A satirical article (supposedly written by Benjamin Franklin) about a witch test in New Jersey was published in 1730 in the Pennsylvania Gazette. This brought to light the ridicule of some magical allegations. In the new world, the witch was not long before the death of frenzy and the laws were passed to help the law to be wrongly accused and guilty.

History of Witches

Images of Witches have been seen in various forms throughout history - from evil, hot women with a hot hose revolve around a bundle of boiling liquid, which roam the sky on the bushes wearing the hinged hat. In pop culture, the witch is a generous, nostalgic, suburban housewife, a strange teenager who is learning to control her powers and is one-third of the attractive sisters battling with bad powers. The true history of Witches, however, is dark, and often for Witches, fatal.

The origin of the witch

The early Witch was the people who practiced a magician - they used magic spells and called spirits for help or brought change. Most of the Witches were considered as sinners who worked for the devil. However, many people were merely natural doctors or so-called "intelligent women" whose profession's choice was misunderstood.
It is not clear whether the secret came when the historical scene came, but one of the early records of a witch is in the Bible in 1 Samuel's book, which was written between 931 BC. And in the year 721 BC, this story tells that King Saul called the spirit of the dead prophet Samuel so that he could help defeat the Philistine army.
The Witch stopped Samuel, who predicted the death of Saul and his sons. The next day, according to the Bible, Saul's son died in war, and Saul succumbed to himself.
The verses of other Old Testament condemn Witches, such as quoted quotations 22:18, which say, "You will not suffer the witch to survive." Additional biblical paths use caution, using devotion, contemplation or Witches to contact the dead.

Malleus Maleficarum

Witch Hysteria actually caught up in Europe in the mid-1400s, when many accused Witches confessed, often under torture, for various kinds of evil behavior. Within a century, Witches hunters were common and most of the accused were executed on the stake or hanging.
Between 1500 and 1660, 80,000 suspected Witches were killed in Europe.
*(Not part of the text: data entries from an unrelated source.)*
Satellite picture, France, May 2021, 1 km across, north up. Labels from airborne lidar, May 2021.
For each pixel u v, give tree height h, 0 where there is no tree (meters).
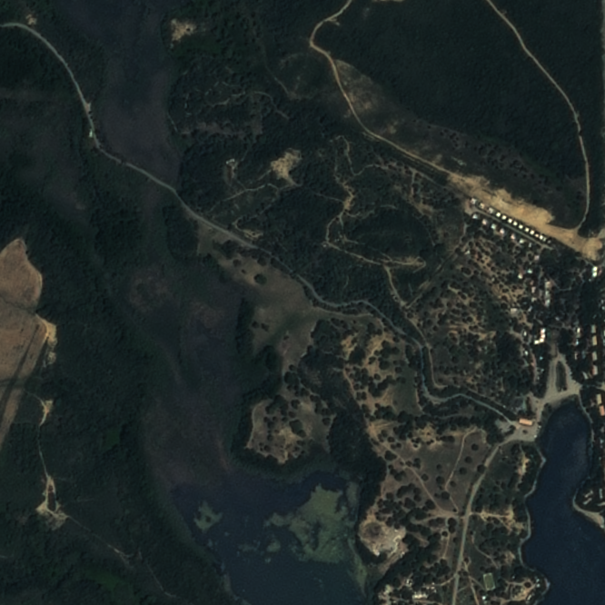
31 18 0
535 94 6
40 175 0
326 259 10
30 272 0
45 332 0
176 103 10
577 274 8
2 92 0
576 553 0
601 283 11
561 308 11
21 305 0
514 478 7
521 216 0
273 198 9
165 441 0
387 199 6
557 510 0
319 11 6
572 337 10
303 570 0
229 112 13
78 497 6
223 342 0
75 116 7
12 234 10
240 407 7
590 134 8
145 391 10
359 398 6
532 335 9
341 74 0
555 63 8
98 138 7
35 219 11
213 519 0
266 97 9
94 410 11
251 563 0
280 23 8
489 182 0
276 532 0
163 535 10
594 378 7
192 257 10
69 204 0
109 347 6
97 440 12
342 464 11
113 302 10
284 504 0
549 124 7
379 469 10
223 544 0
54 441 7
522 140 8
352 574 0
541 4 6
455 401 9
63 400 8
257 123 0
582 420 0
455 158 0
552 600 0
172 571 8
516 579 8
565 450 0
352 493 0
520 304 7
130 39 0
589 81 6
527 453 6
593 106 6
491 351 6
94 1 0
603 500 8
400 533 0
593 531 0
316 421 0
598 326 7
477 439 0
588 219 8
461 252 6
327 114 8
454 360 8
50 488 0
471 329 7
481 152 11
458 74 7
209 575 6
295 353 0
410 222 8
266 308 0
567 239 0
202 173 13
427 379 8
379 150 7
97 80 7
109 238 12
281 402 14
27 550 10
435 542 9
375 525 0
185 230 5
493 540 7
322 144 7
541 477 0
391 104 0
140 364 8
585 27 7
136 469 14
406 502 6
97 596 7
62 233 18
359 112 0
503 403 6
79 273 16
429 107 6
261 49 9
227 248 8
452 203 8
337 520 0
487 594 7
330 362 7
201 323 0
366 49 12
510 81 6
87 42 7
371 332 9
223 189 8
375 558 10
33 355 0
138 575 6
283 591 0
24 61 14
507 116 6
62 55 7
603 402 6
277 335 0
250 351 19
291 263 8
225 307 0
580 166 8
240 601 0
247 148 17
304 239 13
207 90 7
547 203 0
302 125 14
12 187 15
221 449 0
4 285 0
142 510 7
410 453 0
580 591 0
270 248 12
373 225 7
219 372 0
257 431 0
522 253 8
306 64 0
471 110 7
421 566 9
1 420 0
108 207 20
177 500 0
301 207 6
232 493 0
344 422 10
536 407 0
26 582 8
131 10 0
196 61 11
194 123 11
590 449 7
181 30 0
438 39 8
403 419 11
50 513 0
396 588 7
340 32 6
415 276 8
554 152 8
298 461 8
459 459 0
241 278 0
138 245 10
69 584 11
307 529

About 80 percent of them women were in harmony with the devil and were full of lust. Germany had the highest wizard execution rate, while the lowest in Ireland was.
The publication of Malleus Maleficarum, written by two well respected German Dominican people in 1486- probably due to viral witch Witches mania. The book, known as Hummer's Hummer, was essentially a guide about identifying, hunting and interrogation of the witch.
Malleus Maleficarum labeled the magician as hypocritical, and soon was trying to remove the Witches living between Protestant and Catholics. For more than 100 years, the book sold more copies of any other book than in the Bible except in the Bible.

Salem Witch Trials

Since the witch hiatus in Europe has decreased, it grew into a new world. Perhaps the most famous witch trials were in 1692 in Salem of Massachusetts. The Salem Witch Trials began when two sick girls claimed to be Witches and accused the magicians of their neighbors. Eventually, about 150 people were charged and 18 were killed.
Massachusetts was not the first of 13 colonies, although obsession about Witches. In Windsor, Connecticut was the first person in America for Alsay Young Magician in 1647. Prior to the final Witch trial of Connecticut in 1697, thirty-six people were accused of a magician in that state and 11 died for crime.
In Virginia, people were less worthless about Witches. In fact, in 1655, a law was passed in Lower Norfolk County, so that he could make a false allegation against any of the magicians. Yet, the magician was a matter of concern. About two dozen Witch tests (mostly women) occurred in Virginia between 1626 and 1730. No accused was killed.